10 Mayıs 2006

Düşünce Suçlusu Olabilmek...

Haberin arşivden çıkarılıp yayınlandığını düşündüm biran, gazetenin sayfasına da baktım; sıcak haber :-/

***

Mehmed Şevket Eygi'yi tanıyan bilen birisi değilim ben; lakin şu yüzyılda topluma ışık tutan alimlerin bu şekilde itibar görmesi üzülmekten ziyade bir çöküntüye vesiledir.

Üzülmek bir müddet sürer, peki ya sonrası; unutuş!

İşte bu sürecin yaşanmaması için bayrağı birilerinin teslim alması gerekmektedir.

***

Hakim beyi satılık olmakla suçlamak niyetinde değilim; lakin bir şikayet varsa, kanunlar karşısında onun da eli kolu bağlıdır.

Bu durumda bizim üzerinde duracağımız esas mevzu, düşünen insanları mahkemelere şikayet edenlerin kimler olduğudur?!

Bu toplumun kültürünü muhafaza etmek için mücadele verenleri susturmaya yeltenenler kimler acaba?!

O insanlar, akıl ve düşünce metotlarını kullanarak mücadele etmek yerine, böyle zorbalıklara başvurmayı bir çözüm olarak mı görmektelerdir!?

***

Hiç bir magazin habercisinin, gençlere ve çocuklara kötü örnek oluyor diye yargılanıp hapise atıldığını duymadım da görmedim de!? Peki toplumun ahlak yapısını dinamitleyen bu gerzekler pek mi masumdurlar?!

Tabi, televizyon ve gazetelerin para kazanmaları için; toplumun töre ve kültürünün dejenerasyonu için özgür basın! Avrupaileşmek için özgür basın! Başörtüsüne saldırmak için özgür basın! Osmanlıyı lekelemek ve ecdada küfretmek için özgür basın!

Ama iş muhafazar basına gelince, doğru yargıya?! Bu insanlar hangi masuma bir söz söylemişlerdir; hangi edebinde olanı yoldan çıkarmaya yeltenmişleridr?!...

***

Bu tarz düşünceye saygısızlık ifade eden mahkeme kararlarını kınıyorum.

Eğer bu yapılan doğruysa; Gazi Mustafa Kemal'in düşünce suçunu hangi mahkeme verecek peki; o insan da bir düşünce suçlusudur; halkı İmparatorluğa karşı kışkırtmıştır; ne pahasına peki?!

Efendiler, insanlar ne pahasına yaşıyorlar ve ne uğrunda yazıyorlar iyi tahlil edin.

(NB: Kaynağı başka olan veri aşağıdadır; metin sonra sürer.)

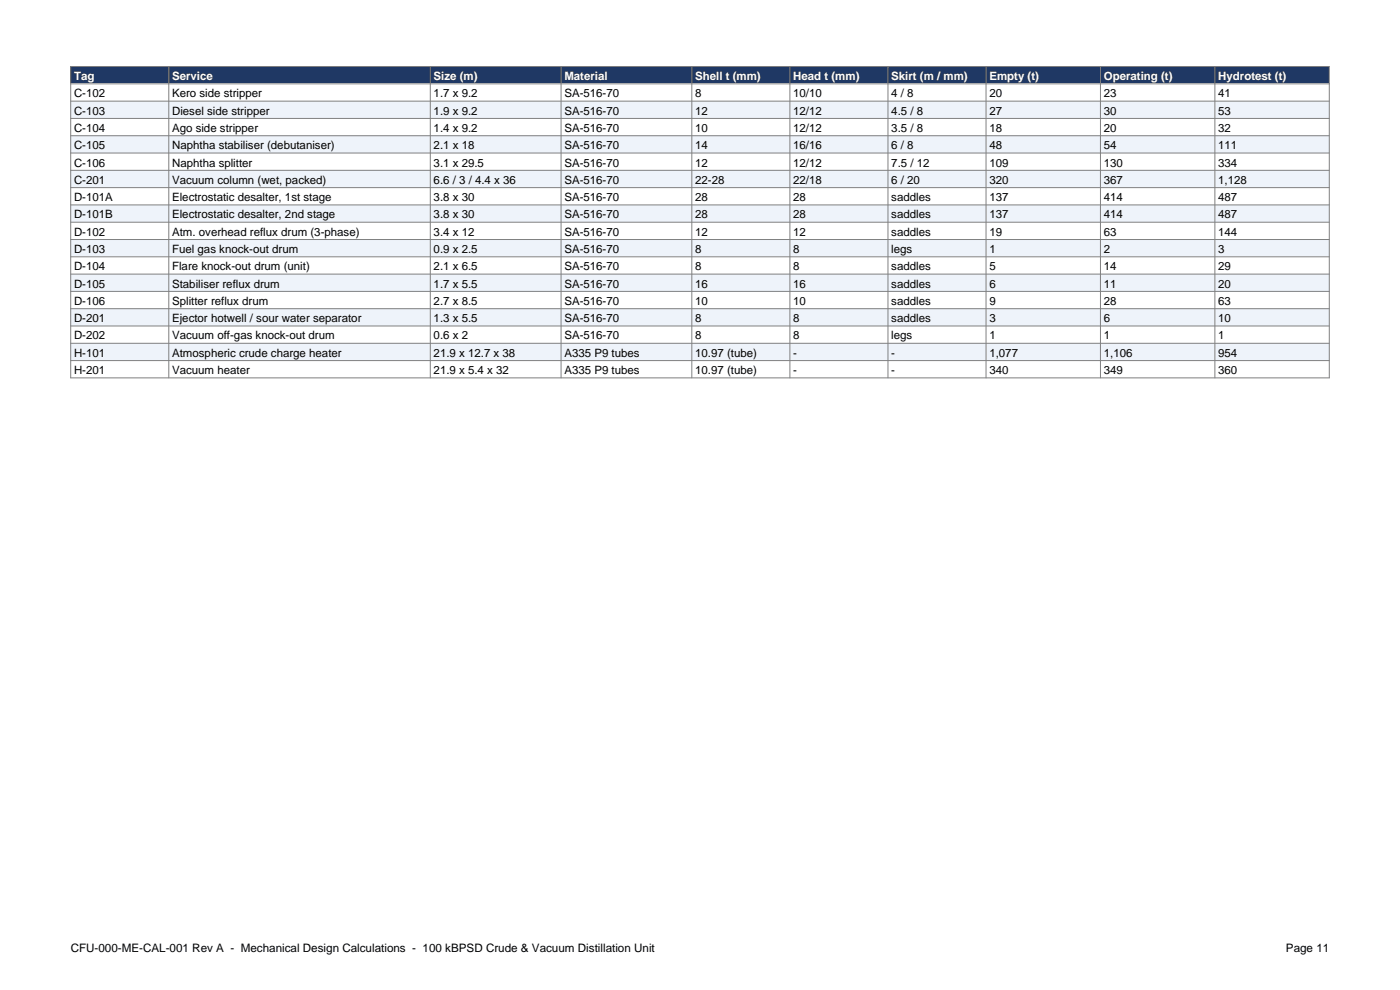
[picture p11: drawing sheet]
<svg xmlns="http://www.w3.org/2000/svg" width="297mm" height="210mm" viewBox="0 0 297 210" stroke-linecap="round" stroke-linejoin="round" font-family="sans-serif">
<defs><g id="words">
<g font-size="2.5">
<text x="15" y="202">CFU-000-ME-CAL-001 Rev A - Mechanical Design Calculations - 100 kBPSD Crude &amp; Vacuum Distillation Unit</text>
<text x="272.8" y="202">Page 11</text>
</g>
<g font-size="2.4" fill="#fff">
<text x="15.7" y="17">Tag</text>
<text x="36.5" y="17">Service</text>
<text x="92" y="17">Size (m)</text>
<text x="119.7" y="17">Material</text>
<text x="147.5" y="17">Shell t (mm)</text>
<text x="168.3" y="17">Head t (mm)</text>
<text x="189.1" y="17">Skirt (m / mm)</text>
<text x="209.9" y="17">Empty (t)</text>
<text x="234.2" y="17">Operating (t)</text>
<text x="258.4" y="17">Hydrotest (t)</text>
</g>
<g font-size="2.4">
<text x="15.7" y="20.6">C-102</text>
<text x="36.5" y="20.6">Kero side stripper</text>
<text x="92" y="20.6">1.7 x 9.2</text>
<text x="119.7" y="20.6">SA-516-70</text>
<text x="147.5" y="20.6">8</text>
<text x="168.3" y="20.6">10/10</text>
<text x="189.1" y="20.6">4 / 8</text>
<text x="209.9" y="20.6">20</text>
<text x="234.2" y="20.6">23</text>
<text x="258.4" y="20.6">41</text>
<text x="15.7" y="24.3">C-103</text>
<text x="15.7" y="28">C-104</text>
<text x="36.5" y="24.3">Diesel side stripper</text>
<text x="36.5" y="28">Ago side stripper</text>
<text x="92" y="24.3">1.9 x 9.2</text>
<text x="92" y="28">1.4 x 9.2</text>
<text x="119.7" y="24.3">SA-516-70</text>
<text x="119.7" y="28">SA-516-70</text>
<text x="147.5" y="24.3">12</text>
<text x="147.5" y="28">10</text>
<text x="168.3" y="24.3">12/12</text>
<text x="168.3" y="28">12/12</text>
<text x="189.1" y="24.3">4.5 / 8</text>
<text x="189.1" y="28">3.5 / 8</text>
<text x="209.9" y="24.3">27</text>
<text x="209.9" y="28">18</text>
<text x="234.2" y="24.3">30</text>
<text x="234.2" y="28">20</text>
<text x="258.4" y="24.3">53</text>
<text x="258.4" y="28">32</text>
<text x="15.7" y="31.6">C-105</text>
<text x="15.7" y="35.3">C-106</text>
<text x="36.5" y="31.6">Naphtha stabiliser (debutaniser)</text>
<text x="36.5" y="35.3">Naphtha splitter</text>
<text x="92" y="31.6">2.1 x 18</text>
<text x="92" y="35.3">3.1 x 29.5</text>
<text x="119.7" y="31.6">SA-516-70</text>
<text x="119.7" y="35.3">SA-516-70</text>
<text x="147.5" y="31.6">14</text>
<text x="147.5" y="35.3">12</text>
<text x="168.3" y="31.6">16/16</text>
<text x="168.3" y="35.3">12/12</text>
<text x="189.1" y="31.6">6 / 8</text>
<text x="189.1" y="35.3">7.5 / 12</text>
<text x="209.9" y="31.6">48</text>
<text x="209.9" y="35.3">109</text>
<text x="234.2" y="31.6">54</text>
<text x="234.2" y="35.3">130</text>
<text x="258.4" y="31.6">111</text>
<text x="258.4" y="35.3">334</text>
<text x="15.7" y="39">C-201</text>
<text x="36.5" y="39">Vacuum column (wet, packed)</text>
<text x="92" y="39">6.6 / 3 / 4.4 x 36</text>
<text x="119.7" y="39">SA-516-70</text>
<text x="147.5" y="39">22-28</text>
<text x="168.3" y="39">22/18</text>
<text x="189.1" y="39">6 / 20</text>
<text x="209.9" y="39">320</text>
<text x="234.2" y="39">367</text>
<text x="258.4" y="39">1,128</text>
<text x="15.7" y="42.7">D-101A</text>
<text x="15.7" y="46.3">D-101B</text>
<text x="36.5" y="42.7">Electrostatic desalter, 1st stage</text>
<text x="36.5" y="46.3">Electrostatic desalter, 2nd stage</text>
<text x="92" y="42.7">3.8 x 30</text>
<text x="92" y="46.3">3.8 x 30</text>
<text x="119.7" y="42.7">SA-516-70</text>
<text x="119.7" y="46.3">SA-516-70</text>
<text x="147.5" y="42.7">28</text>
<text x="147.5" y="46.3">28</text>
<text x="168.3" y="42.7">28</text>
<text x="168.3" y="46.3">28</text>
<text x="189.1" y="42.7">saddles</text>
<text x="189.1" y="46.3">saddles</text>
<text x="209.9" y="42.7">137</text>
<text x="209.9" y="46.3">137</text>
<text x="234.2" y="42.7">414</text>
<text x="234.2" y="46.3">414</text>
<text x="258.4" y="42.7">487</text>
<text x="258.4" y="46.3">487</text>
<text x="15.7" y="50">D-102</text>
<text x="15.7" y="53.7">D-103</text>
<text x="36.5" y="50">Atm. overhead reflux drum (3-phase)</text>
<text x="36.5" y="53.7">Fuel gas knock-out drum</text>
<text x="92" y="50">3.4 x 12</text>
<text x="92" y="53.7">0.9 x 2.5</text>
<text x="119.7" y="50">SA-516-70</text>
<text x="119.7" y="53.7">SA-516-70</text>
<text x="147.5" y="50">12</text>
<text x="147.5" y="53.7">8</text>
<text x="168.3" y="50">12</text>
<text x="168.3" y="53.7">8</text>
<text x="189.1" y="50">saddles</text>
<text x="189.1" y="53.7">legs</text>
<text x="209.9" y="50">19</text>
<text x="209.9" y="53.7">1</text>
<text x="234.2" y="50">63</text>
<text x="234.2" y="53.7">2</text>
<text x="258.4" y="50">144</text>
<text x="258.4" y="53.7">3</text>
<text x="15.7" y="57.3">D-104</text>
<text x="36.5" y="57.3">Flare knock-out drum (unit)</text>
<text x="92" y="57.3">2.1 x 6.5</text>
<text x="119.7" y="57.3">SA-516-70</text>
<text x="147.5" y="57.3">8</text>
<text x="168.3" y="57.3">8</text>
<text x="189.1" y="57.3">saddles</text>
<text x="209.9" y="57.3">5</text>
<text x="234.2" y="57.3">14</text>
<text x="258.4" y="57.3">29</text>
<text x="15.7" y="61">D-105</text>
<text x="15.7" y="64.7">D-106</text>
<text x="36.5" y="61">Stabiliser reflux drum</text>
<text x="36.5" y="64.7">Splitter reflux drum</text>
<text x="92" y="61">1.7 x 5.5</text>
<text x="92" y="64.7">2.7 x 8.5</text>
<text x="119.7" y="61">SA-516-70</text>
<text x="119.7" y="64.7">SA-516-70</text>
<text x="147.5" y="61">16</text>
<text x="147.5" y="64.7">10</text>
<text x="168.3" y="61">16</text>
<text x="168.3" y="64.7">10</text>
<text x="189.1" y="61">saddles</text>
<text x="189.1" y="64.7">saddles</text>
<text x="209.9" y="61">6</text>
<text x="209.9" y="64.7">9</text>
<text x="234.2" y="61">11</text>
<text x="234.2" y="64.7">28</text>
<text x="258.4" y="61">20</text>
<text x="258.4" y="64.7">63</text>
<text x="15.7" y="68.3">D-201</text>
<text x="36.5" y="68.3">Ejector hotwell / sour water separator</text>
<text x="92" y="68.3">1.3 x 5.5</text>
<text x="119.7" y="68.3">SA-516-70</text>
<text x="147.5" y="68.3">8</text>
<text x="168.3" y="68.3">8</text>
<text x="189.1" y="68.3">saddles</text>
<text x="209.9" y="68.3">3</text>
<text x="234.2" y="68.3">6</text>
<text x="258.4" y="68.3">10</text>
<text x="15.7" y="72">D-202</text>
<text x="15.7" y="75.7">H-101</text>
<text x="36.5" y="72">Vacuum off-gas knock-out drum</text>
<text x="36.5" y="75.7">Atmospheric crude charge heater</text>
<text x="92" y="72">0.6 x 2</text>
<text x="92" y="75.7">21.9 x 12.7 x 38</text>
<text x="119.7" y="72">SA-516-70</text>
<text x="119.7" y="75.7">A335 P9 tubes</text>
<text x="147.5" y="72">8</text>
<text x="147.5" y="75.7">10.97 (tube)</text>
<text x="168.3" y="72">8</text>
<text x="168.3" y="75.7">-</text>
<text x="189.1" y="72">legs</text>
<text x="189.1" y="75.7">-</text>
<text x="209.9" y="72">1</text>
<text x="209.9" y="75.7">1,077</text>
<text x="234.2" y="72">1</text>
<text x="234.2" y="75.7">1,106</text>
<text x="258.4" y="72">1</text>
<text x="258.4" y="75.7">954</text>
<text x="15.7" y="79.3">H-201</text>
<text x="36.5" y="79.3">Vacuum heater</text>
<text x="92" y="79.3">21.9 x 5.4 x 32</text>
<text x="119.7" y="79.3">A335 P9 tubes</text>
<text x="147.5" y="79.3">10.97 (tube)</text>
<text x="168.3" y="79.3">-</text>
<text x="189.1" y="79.3">-</text>
<text x="209.9" y="79.3">340</text>
<text x="234.2" y="79.3">349</text>
<text x="258.4" y="79.3">360</text>
</g>
</g></defs>
<path d="M15 14.1h267v3.7h-267z" fill-rule="evenodd" fill="#1f3864"/>
<path d="M15 17.8h267v3.7h-267z" fill-rule="evenodd" fill="#fff"/>
<path d="M15 21.5h267v3.6h-267z" fill-rule="evenodd" fill="#eef3fa"/>
<path d="M15 25.1h267v3.7h-267z" fill-rule="evenodd" fill="#fff"/>
<path d="M15 28.8h267v3.7h-267z" fill-rule="evenodd" fill="#eef3fa"/>
<path d="M15 32.5h267v3.6h-267z" fill-rule="evenodd" fill="#fff"/>
<path d="M15 36.1h267v3.7h-267z" fill-rule="evenodd" fill="#eef3fa"/>
<path d="M15 39.8h267v3.7h-267z" fill-rule="evenodd" fill="#fff"/>
<path d="M15 43.5h267v3.6h-267z" fill-rule="evenodd" fill="#eef3fa"/>
<path d="M15 47.1h267v3.7h-267z" fill-rule="evenodd" fill="#fff"/>
<path d="M15 50.8h267v3.7h-267z" fill-rule="evenodd" fill="#eef3fa"/>
<path d="M15 54.5h267v3.6h-267z" fill-rule="evenodd" fill="#fff"/>
<path d="M15 58.1h267v3.7h-267z" fill-rule="evenodd" fill="#eef3fa"/>
<path d="M15 61.8h267v3.7h-267z" fill-rule="evenodd" fill="#fff"/>
<path d="M15 65.5h267v3.7h-267z" fill-rule="evenodd" fill="#eef3fa"/>
<path d="M15 69.2h267v3.6h-267z" fill-rule="evenodd" fill="#fff"/>
<path d="M15 72.8h267v3.7h-267z" fill-rule="evenodd" fill="#eef3fa"/>
<path d="M15 76.5h267v3.7h-267z" fill-rule="evenodd" fill="#fff"/>
<g fill="none" stroke="#808080" stroke-width=".21">
<path d="M15 14.1h267v66.1h-267zM15 17.8h267M35.8 14.1v66.1M91.3 14.1v66.1M119 14.1v66.1M146.8 14.1v66.1M167.6 14.1v66.1M188.4 14.1v66.1M209.2 14.1v66.1M233.5 14.1v66.1M257.7 14.1v66.1M15 21.5h267"/>
<path d="M15 25.1h267M15 28.8h267M15 32.5h267M15 36.1h267M15 39.8h267M15 43.5h267M15 47.1h267M15 50.8h267M15 54.5h267M15 58.1h267M15 61.8h267M15 65.5h267"/>
<path d="M15 69.2h267M15 72.8h267M15 76.5h267"/>
</g>
<use href="#words"/>
</svg>

Mustafa Kemal gibileri bu vatana sahip çıkmak için düşünce suçlusu oldular, şimdi sizler böylelerini mapuslardan çıkarmak yerine onları karanlıklara kapatıyorsunuz!?

Her ne şekilde olursa olsun, öyle veya böyle düşündüğü için insanları zincirlere vuramazsınız; aksi halde Ortaçağ karanlık Avrupası gibi gerçeklerin anlaşılmasına mani olursunuz!

Ben de Türkiye'de 21. yüzyılı yaşıyor olduğumuzu sanıyordum...

Gerçeğin Peşinden,
Kâzım Mızrak

(Bu yazı, http://balbocegi.blogspot.com/2006/05/dusunceye-hapis.html adresine bırakılmış bir yorumdur.)

2 Yorum:

Blogger Bâd-ı Sabâ dedi ki...

Lütfen Bilginize.

"Düşünceyi Suçlayanlar, Ancak Korkak Olanlardır!" şeklindeki posta başlığı, "Düşünce Suçlusu Olabilmek..." olarak değiştirilmiştir!

10 Mayıs 2006 21:08  
Blogger Bâd-ı Sabâ dedi ki...

Bir önceki başlığa göre, korkak olmayan kim var ki diye bir soru gelmişti aklıma :)

***

Bir önceki başlık:

"Düşünceyi Suçlayanlar,
Ancak Korkak Olanlardır!"


Müsadenizle, ben bir korkağım!

Ve mademki öyleyim, öyleyse tadını çıkara çıkara korkaklığımı yaşamalıyım.

***

Yeni posta başlığı:

"Düşünce Suçlusu Olabilmek..."

Ben de bir düşünce suçlusu olmak istiyorum, özenti diyelim; hayatımda her istediğim oldu ama şöyle ağız tadıyla bi düşünce suçlusu olamadım işte, yanarım da ona yanarım.

Devlet eliyle onanmalı suçum; mahkeme tescilli olmalı illaki!